Ask the Editor: Marxism and Intersectionality
Are the two concepts related?
To the editor,
Is there a Marxist critique of intersectionality or did intersectionality come out of Marxism?
Thank you,
Lydia.
[Sent via Substack]
Hi Lydia,
“Intersectionality” is one of those politically loaded terms that evokes a lot of contemporary discourse around equity, diversity, inclusion, accessibility and cultural “woke” wars. Because Marxism is a four letter word to many people on the right, people like Jordan Peterson and James Lindsay have described progressive efforts to remedy racism and homophobia as Marxist in nature. This is nothing new, by the way. Environmentalists, feminists, literacy advocates and anti-segregationists have all worn the communist label at one time or another.
“Intersectionality” was coined by Kimberlé Crenshaw and elaborated on by Patricia Hill Collins and others to describe the interlocking of social prejudices, economic inequalities and political disadvantages that apply to a variety of historically oppressed people. For example, intersectional theory posits that a Black woman or a gay Asian will confront social and political obstacles contingent on their minority status and independent of economic class.
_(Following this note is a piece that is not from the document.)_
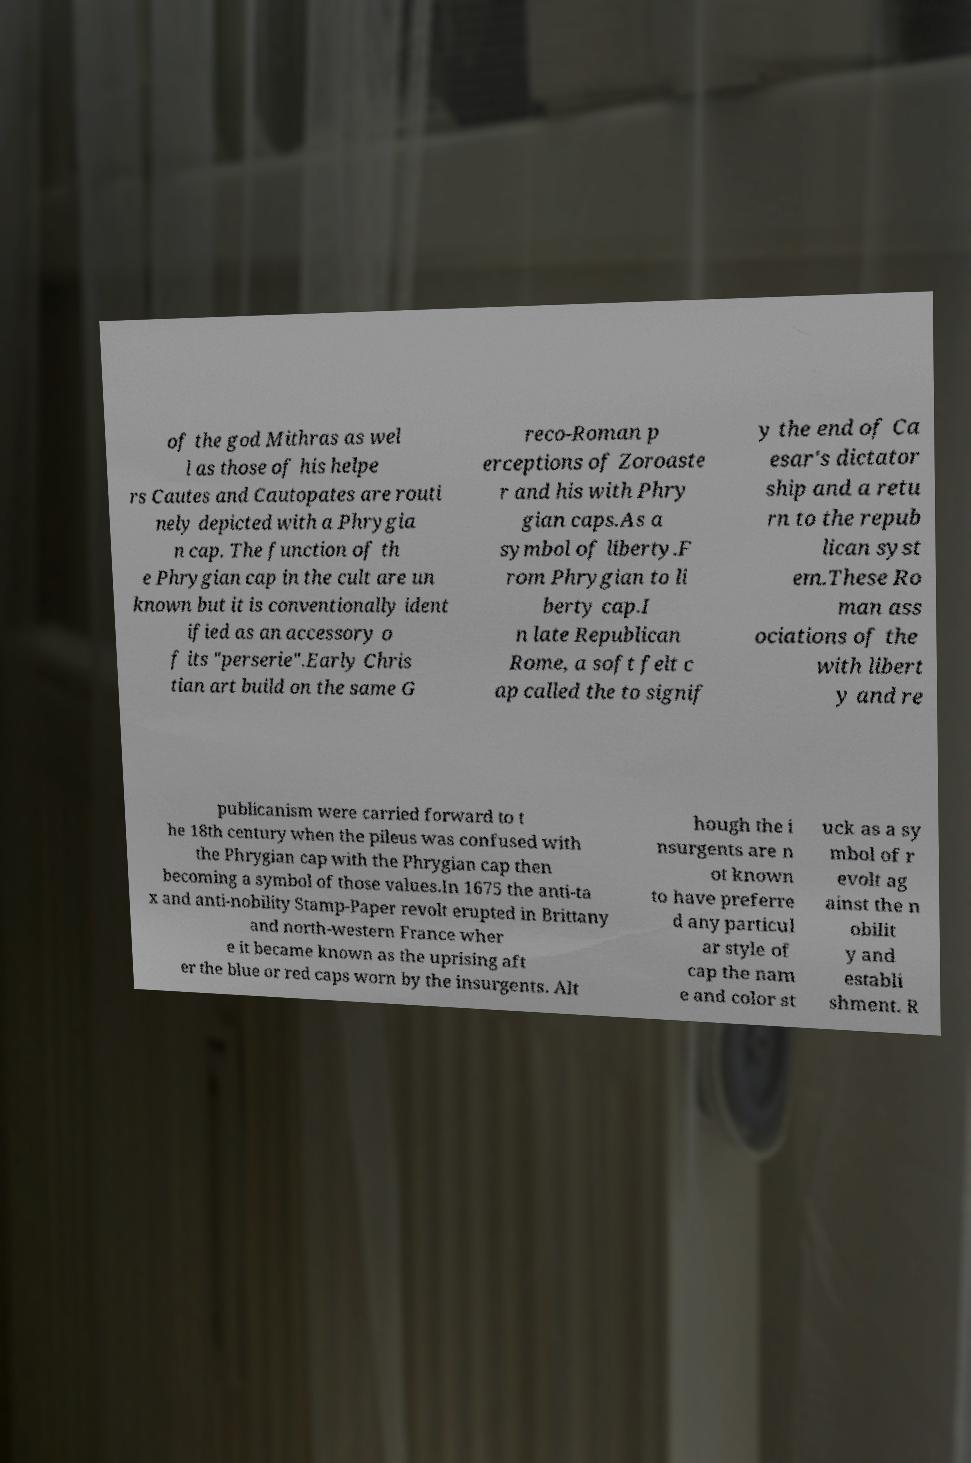What messages or text are displayed in this image? I need them in a readable, typed format. of the god Mithras as wel l as those of his helpe rs Cautes and Cautopates are routi nely depicted with a Phrygia n cap. The function of th e Phrygian cap in the cult are un known but it is conventionally ident ified as an accessory o f its "perserie".Early Chris tian art build on the same G reco-Roman p erceptions of Zoroaste r and his with Phry gian caps.As a symbol of liberty.F rom Phrygian to li berty cap.I n late Republican Rome, a soft felt c ap called the to signif y the end of Ca esar's dictator ship and a retu rn to the repub lican syst em.These Ro man ass ociations of the with libert y and re publicanism were carried forward to t he 18th century when the pileus was confused with the Phrygian cap with the Phrygian cap then becoming a symbol of those values.In 1675 the anti-ta x and anti-nobility Stamp-Paper revolt erupted in Brittany and north-western France wher e it became known as the uprising aft er the blue or red caps worn by the insurgents. Alt hough the i nsurgents are n ot known to have preferre d any particul ar style of cap the nam e and color st uck as a sy mbol of r evolt ag ainst the n obilit y and establi shment. R

The concept of intersectionality is reasonable from the Marxist viewpoint. Marx himself observed a variety of race and gender-based discriminations amongst the working class in his own time. In factories, it was found that women and children could be exploited at lower wages than men.1 Amongst the English working class, the influx of Irish were reviled for their acceptance of lower wages and blamed for cheapening the labour market. And for the countries that had enslaved Africans for the plantation economy, Marx warned: “Labour cannot emancipate itself in the white skin where in the black it is branded.”2
Between the premises of intersectionality and classical Marxism, there is an overlapping understanding that class alone does not determine social standing within capitalism. The trend toward DEI hiring policies of corporations, diversity quotas at universities or inclusive on-screen representation is something that could have been predicted by Marx. As capitalism has matured and globalized, it has naturally acquired a more cosmopolitan flavour and more demands are placed on the system from an increasingly diverse crowd of consumers and workers. For this reason many capitalist multinational corporations and Hollywood studios have adopted diversity policies with enthusiasm.
As a result of diversity quotas, “woke” virtue signalling and the absorption of economic migrants by the West, antagonisms have arisen in society between majority and minority factions of workers, bureaucrats and entrepreneurs. Speaking of hostilities between ethnicities, Marx wrote:
This antagonism is artificially kept alive and intensified by the press, the pulpit, the comic papers, in short, by all the means at the disposal of the ruling classes…It is the secret by which the capitalist class maintains its power. And the latter is quite aware of this.
One can acknowledge the reality of historical oppression and simultaneously reject liberal remedies that seek to pit man against woman, coloured against white, queer against straight. Discrimination in any direction operates within the ruling class paradigm of artificial scarcity. Instead, socialism posits economic solutions of universal application: socialized housing, public healthcare, full employment targets and freely accessible higher education. Fair trading practices must be developed with Global South countries in order to eliminate exploitation and reduce the number of economic refugees.3
In the long run, it is only an economic base that strives toward universal abundance instead of capitalist profit that is capable of abolishing the social divisions manufactured by history. And that, I submit, is the Marxist position.
In sols,
Your editor.
Karl Marx, Capital: Volume One (Ancient Wisdom Publishing, 2019), 320.
Ibid, 195.
The international economy must be one that minimizes global poverty and reduces the demand of people to flee their homeland. Marx understood the challenges of accommodating large numbers of economic refugees in foreign societies and, in the case of the Irish, he attacked the root cause by demanding that Ireland be liberated from the claws of English landlords and capitalists.